Le Pen, the candidate for the Rassemblement National, was challenged for a while by the other far-right candidate, Zemmour. The latter finally scored 7% after a campaign that was both racist and in favour of ultra-liberal capitalism. Le Pen achieved 23.15% (460,000 more votes than in 2017). She scored mainly in small towns (especially those that have suffered from de-industrialisation) and in rural areas, particularly in the north and east of the country. On the other hand, among 18-24-year-olds Le Pen is far behind Mélenchon and Macron.

In reality, even if she uses the language “of the people” and talks about purchasing power, all her measures only take from the collective wage (social security, public services…) while giving some back to the bosses and to the rich by suppressing the bosses’ contributions. She is no longer in favour of retirement at 60 but at 62.

Her programme is, in fact, a huge scam for those who might believe in it. She is no better than Macron. And on top of that, she is in favour of banning strikes in some public services. Le Pen wants to intensify discrimination against foreigners, to deprive foreign workers of “social benefits” (even though they contribute and pay taxes). Her two main axes remain strengthening security policy and denouncing immigrants, all to protect the billionaires and try to divide the workers and the population.

So there must not be one more vote for Le Pen! Some will oppose her by abstaining, voting Macron, or voting blank.

The unions, the organisations of the workers’ movement, the associations of struggle, must prepare a day of warning strike as early as May – a massive and combative one, to show our strength against Macron, and even more so if it is Le Pen who gets in.

The need for a new fighting party of workers and youth

The Communist Party (PCF), which chose to present its own candidate in order to be able to make agreements with the Socialist Party in the legislative elections, got a very low score, despite the commitment of its militants. With 2.28% it got only 100,000 more votes than in 2007 when it got the lowest score ever recorded for the PCF. Its decline continues and its choice to stand has certainly contributed to Mélenchon not making it to the second round.

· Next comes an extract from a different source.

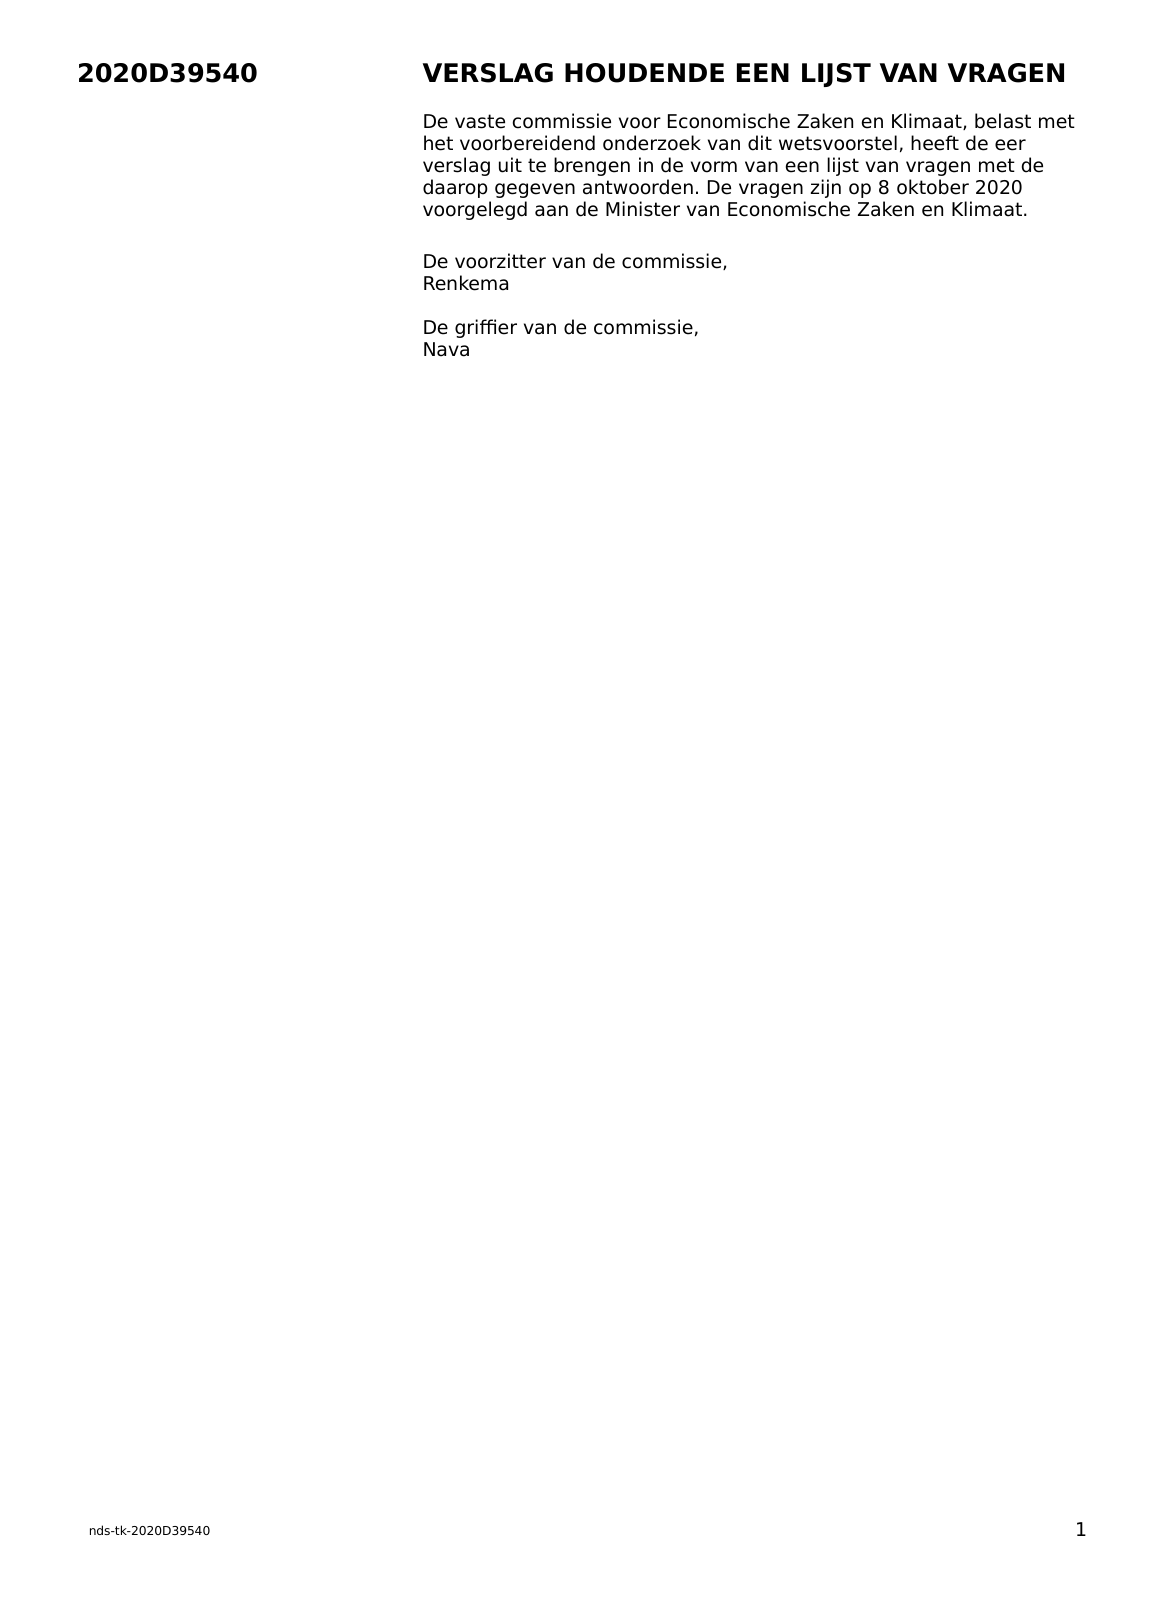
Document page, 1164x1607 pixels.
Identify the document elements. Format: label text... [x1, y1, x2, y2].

The traditional right-wing party, LR, collapsed to 4.8%; the PS to 1.75%; EELV (the Greens), which claims to be the champion of environmentalism, barely reached 4.6%. People are clearly fed up with these parties locked into electoral tactics.

Millions of people can continue to gain confidence if Mélenchon’s Union Populaire offers a real possibility to be a tool to change society. And among them, there are tens of thousands who want to go further – who want both to discuss the situation, in order to change it and to act.

Some leaders of France Insoumise talk about better structuring the movement, and better organising it. This is a good thing. This is what France Insoumise should have done as early as 2017, as Gauche révolutionnaire (CWI  France) proposed. France Insoumise would then have been more effective in the presidential campaign and could have fetched the few hundred thousand votes that it was short of on 10 April.

We must open this debate now, it is fundamental for the coming struggles, as much as for the legislative elections. The possibility of building a broad party of workers and youth, a mass party of struggle against capitalism, a democratic, militant party, is real.

We will be able to discuss both the actions and the programme, and how to replace this society based on exploitation and submitting to the dictatorship of profit. We need a party that fights against capitalism, to replace it with socialism, where the economy is publicly owned, under the democratic control of the workers, for the satisfaction of the needs of all.

Such a change will come about through a mass revolutionary movement, and by organising now to prepare for it. This is why, while continuing to support the FI/UP and campaigning for the idea that they launch a new party, we continue to build our revolutionary party, which fights to end capitalism and the taking of power by the workers to build socialism.